A common urban legend holds that people eat eight spiders a year while sleeping. Anyone who shares the house with the occasional spider might have wondered how many spiders they eat per year.
Evidence of spider-like creatures dates back more than 300 million years, and it is difficult to believe that spiders would have survived this long if they made poor decisions such as crawling into human mouths.
The claim that humans regularly swallow spiders during sleep is a myth. That said, there is a good chance most people have unknowingly swallowed small spider parts when eating, as many countries allow a certain percentage of arthropod parts in processed food. Some cultures also include spiders in their diet.
We examine the physiology of human sleep and the behavior of spiders to illustrate why this statistic is unlikely to be true.
How Many Spiders Do You Eat in Your Sleep?
So far, scientific studies have not confirmed that people eat any spiders at all during sleep. Although it is not impossible for a spider to crawl into a person’s mouth while they are sleeping, there are multiple reasons why this is highly unlikely.
Busting the Myth of Swallowing Spiders in Your Sleep
It is safe to say that humans would like to avoid eating spiders in their sleep, but spiders would also prefer not to be swallowed. Experts know a lot about how spiders behave, and their insights may reassure people who are worried about spiders at night.
Spiders Keep Their Distance
Spiders are believed to be intelligent beings with a keen awareness of their surroundings. While virtually all spiders are predators, they are also potential prey for many animals. Spiders are generally solitary and would have good reason to stay away from a potential threat such as a sleeping human, which may easily roll over and crush anything beneath it.
Most spiders have poor eyesight, but they can sense vibrations and air currents, and they use these senses to navigate their world. A sleeping human gives off vibrations in the form of a heartbeat, breathing, and often snoring, which would likely warn away any spiders. If a spider did crawl or fall into a sleeping person’s mouth, it would probably crawl back out again.

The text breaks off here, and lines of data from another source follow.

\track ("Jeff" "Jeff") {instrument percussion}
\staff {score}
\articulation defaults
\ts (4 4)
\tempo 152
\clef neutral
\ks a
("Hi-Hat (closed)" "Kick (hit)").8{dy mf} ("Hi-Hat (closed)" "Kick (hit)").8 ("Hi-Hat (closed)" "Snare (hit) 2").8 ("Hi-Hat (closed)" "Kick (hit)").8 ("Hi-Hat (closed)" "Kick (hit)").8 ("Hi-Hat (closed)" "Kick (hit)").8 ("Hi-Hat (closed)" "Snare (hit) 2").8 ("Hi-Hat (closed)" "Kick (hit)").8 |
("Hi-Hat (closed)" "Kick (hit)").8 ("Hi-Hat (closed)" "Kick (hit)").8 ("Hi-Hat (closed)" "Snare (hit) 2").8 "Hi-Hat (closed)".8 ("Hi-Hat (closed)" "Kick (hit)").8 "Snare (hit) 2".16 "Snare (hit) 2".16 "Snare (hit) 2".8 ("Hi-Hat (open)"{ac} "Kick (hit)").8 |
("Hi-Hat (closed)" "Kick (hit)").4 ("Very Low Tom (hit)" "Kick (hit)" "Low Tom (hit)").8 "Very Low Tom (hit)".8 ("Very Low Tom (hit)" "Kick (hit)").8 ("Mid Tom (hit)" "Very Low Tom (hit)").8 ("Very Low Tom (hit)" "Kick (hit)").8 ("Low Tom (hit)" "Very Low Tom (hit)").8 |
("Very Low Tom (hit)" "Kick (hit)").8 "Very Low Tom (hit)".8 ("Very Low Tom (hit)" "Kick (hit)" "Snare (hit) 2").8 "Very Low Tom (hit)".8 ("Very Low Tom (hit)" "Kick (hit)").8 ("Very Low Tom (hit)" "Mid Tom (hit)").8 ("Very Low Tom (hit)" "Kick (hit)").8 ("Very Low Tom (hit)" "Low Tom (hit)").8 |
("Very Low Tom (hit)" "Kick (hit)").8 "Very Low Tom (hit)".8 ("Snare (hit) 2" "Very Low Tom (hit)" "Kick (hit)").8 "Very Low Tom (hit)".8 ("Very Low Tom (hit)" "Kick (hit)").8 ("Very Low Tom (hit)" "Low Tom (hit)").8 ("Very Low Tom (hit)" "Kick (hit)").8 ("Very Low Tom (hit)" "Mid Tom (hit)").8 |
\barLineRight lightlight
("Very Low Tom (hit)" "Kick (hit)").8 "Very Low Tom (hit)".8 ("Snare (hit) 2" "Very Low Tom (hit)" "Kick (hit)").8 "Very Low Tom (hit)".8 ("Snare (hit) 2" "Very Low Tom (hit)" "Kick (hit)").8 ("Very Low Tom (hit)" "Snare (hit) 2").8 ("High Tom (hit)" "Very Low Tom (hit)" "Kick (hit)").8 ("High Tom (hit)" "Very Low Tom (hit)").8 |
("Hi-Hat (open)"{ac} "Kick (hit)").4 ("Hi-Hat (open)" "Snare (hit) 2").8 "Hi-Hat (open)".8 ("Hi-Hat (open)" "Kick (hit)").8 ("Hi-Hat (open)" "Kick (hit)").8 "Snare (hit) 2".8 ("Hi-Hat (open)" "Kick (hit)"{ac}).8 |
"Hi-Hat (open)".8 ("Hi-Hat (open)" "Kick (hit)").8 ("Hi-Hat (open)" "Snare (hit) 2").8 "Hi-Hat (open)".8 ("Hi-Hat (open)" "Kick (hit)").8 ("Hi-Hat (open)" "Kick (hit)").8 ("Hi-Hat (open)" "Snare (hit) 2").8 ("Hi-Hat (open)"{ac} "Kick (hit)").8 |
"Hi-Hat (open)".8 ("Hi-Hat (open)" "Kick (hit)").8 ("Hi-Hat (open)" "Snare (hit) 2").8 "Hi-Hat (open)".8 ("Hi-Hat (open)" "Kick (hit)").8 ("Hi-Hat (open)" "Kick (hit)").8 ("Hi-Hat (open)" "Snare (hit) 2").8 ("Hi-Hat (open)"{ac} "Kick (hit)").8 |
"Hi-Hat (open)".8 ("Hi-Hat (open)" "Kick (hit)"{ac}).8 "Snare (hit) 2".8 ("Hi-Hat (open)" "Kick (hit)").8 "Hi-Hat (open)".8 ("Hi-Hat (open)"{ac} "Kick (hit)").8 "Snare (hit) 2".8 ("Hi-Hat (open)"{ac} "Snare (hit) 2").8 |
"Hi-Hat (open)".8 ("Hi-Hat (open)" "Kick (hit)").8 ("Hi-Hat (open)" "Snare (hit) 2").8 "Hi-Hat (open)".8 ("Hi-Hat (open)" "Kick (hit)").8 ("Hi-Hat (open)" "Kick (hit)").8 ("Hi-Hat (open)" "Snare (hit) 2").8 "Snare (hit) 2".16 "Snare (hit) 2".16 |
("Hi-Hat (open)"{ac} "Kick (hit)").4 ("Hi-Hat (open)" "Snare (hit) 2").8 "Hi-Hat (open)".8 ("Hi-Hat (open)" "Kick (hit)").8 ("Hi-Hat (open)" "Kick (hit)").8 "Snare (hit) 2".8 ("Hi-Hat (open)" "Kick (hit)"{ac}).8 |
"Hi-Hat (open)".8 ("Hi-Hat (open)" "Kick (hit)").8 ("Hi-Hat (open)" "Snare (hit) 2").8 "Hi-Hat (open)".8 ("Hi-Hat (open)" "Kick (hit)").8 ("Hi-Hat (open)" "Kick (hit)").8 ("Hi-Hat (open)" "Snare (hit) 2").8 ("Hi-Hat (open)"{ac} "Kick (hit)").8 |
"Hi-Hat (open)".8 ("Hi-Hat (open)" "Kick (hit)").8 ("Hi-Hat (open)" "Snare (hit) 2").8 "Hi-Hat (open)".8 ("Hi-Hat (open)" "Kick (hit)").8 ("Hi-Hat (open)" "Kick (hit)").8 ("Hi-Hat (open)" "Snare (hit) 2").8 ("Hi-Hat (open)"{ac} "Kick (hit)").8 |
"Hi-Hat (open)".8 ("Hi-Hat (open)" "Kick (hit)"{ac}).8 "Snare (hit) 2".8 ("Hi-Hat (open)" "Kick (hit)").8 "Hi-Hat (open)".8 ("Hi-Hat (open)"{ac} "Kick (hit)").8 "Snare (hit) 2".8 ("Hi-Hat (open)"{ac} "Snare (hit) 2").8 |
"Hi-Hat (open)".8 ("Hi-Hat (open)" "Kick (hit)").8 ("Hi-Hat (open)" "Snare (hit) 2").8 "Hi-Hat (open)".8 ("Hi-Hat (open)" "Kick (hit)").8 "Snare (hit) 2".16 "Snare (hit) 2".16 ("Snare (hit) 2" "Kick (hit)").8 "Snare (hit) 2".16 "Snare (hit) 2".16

You Would Wake Up From a Spider in Your Mouth
Sleep is broken down into four stages, each of which has specific characteristics that make it unlikely a person would unknowingly swallow a spider. Sleepers tend to swallow much less during deep sleep and rapid eye movement (REM) sleep, providing fewer opportunities to swallow spiders. Although people do occasionally swallow during light sleep, this is a period of relative alertness. It is implausible that someone would stay asleep if a spider crawled on their face during this time, let alone into their mouth.

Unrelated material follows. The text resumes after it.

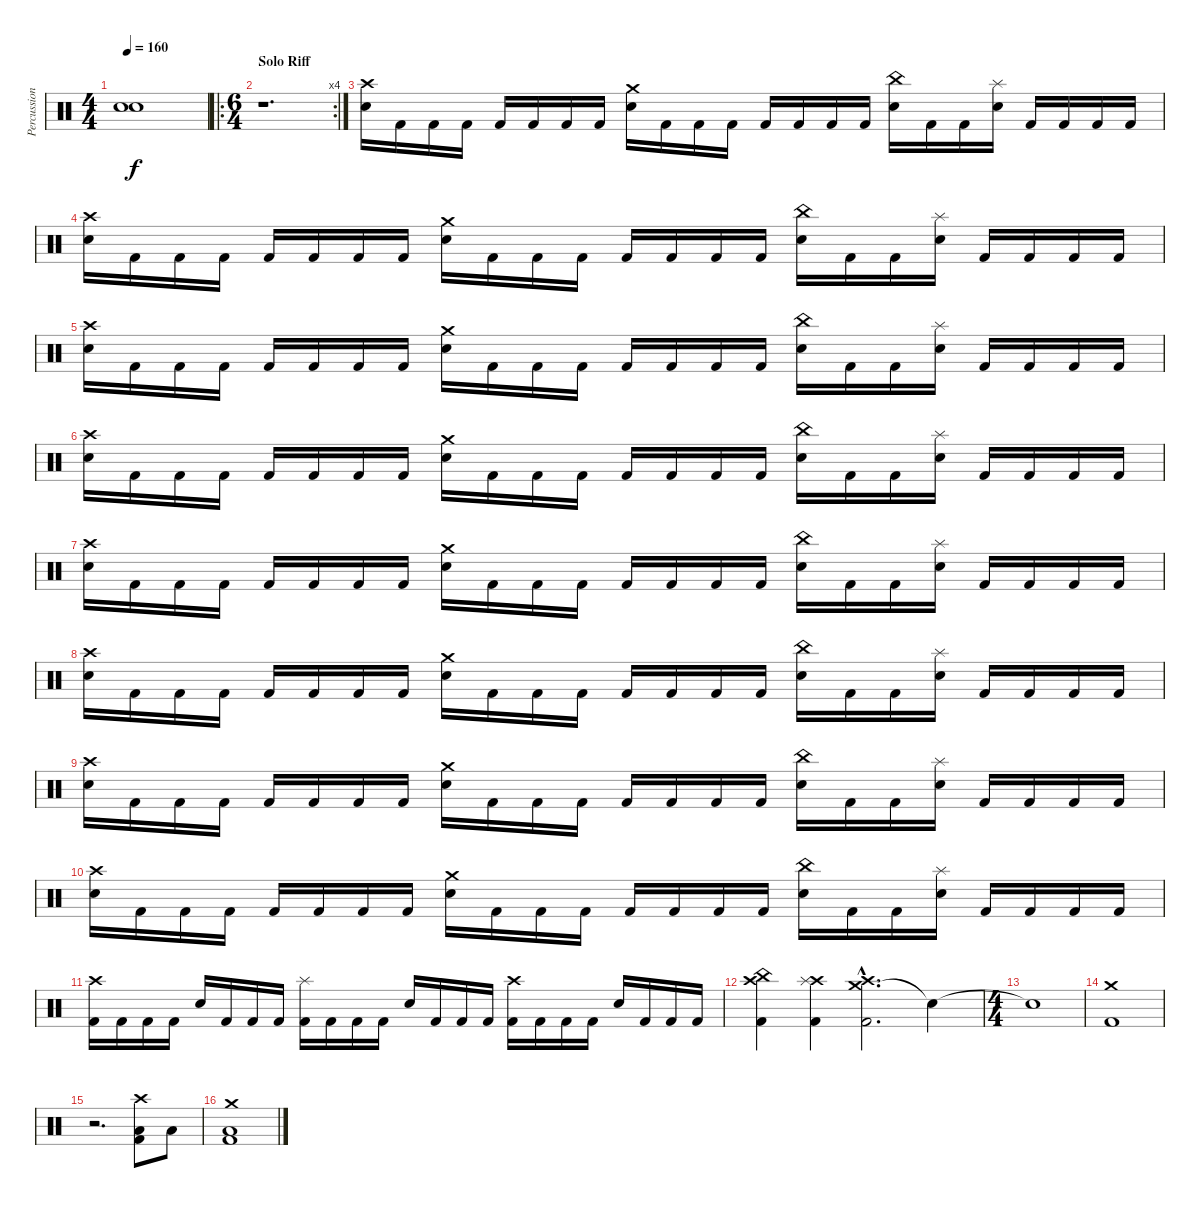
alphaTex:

Your Mouth Is Not a Target
Studies show that less than one-quarter of people regularly breathe through their mouth during sleep. The majority of people therefore close their mouth while sleeping, making it extremely difficult for a spider to find its way inside.
Why Do People Think We Swallow Spiders During Sleep?
Although most people have heard the myth about swallowing spiders during sleep, it is unclear where this belief originated. The modern popularity of the myth may spring from a 1999 list of trivia facts in The Guardian, which claimed that throughout their lifetime, people swallow eight spiders during sleep.
Experts use the spider-swallowing myth as a prime example of why people sometimes believe things that are not true. The systems people use to sort out fact from fiction include a bias to believe in new information, a willingness to believe stories that appear logical, and a tendency to use potentially erroneous prior knowledge when analyzing new information. Although generally effective, these systems also set people up to occasionally believe in myths like this one.
Arachnophobia — the extreme fear of spiders — is one of the most common phobias, and evidence suggests that the potential to be afraid of spiders may be ingrained from birth. Given how many people find spiders creepy or crawly, the idea of swallowing them while you sleep makes for exactly the sort of alarming fallacy that can easily turn into an urban legend.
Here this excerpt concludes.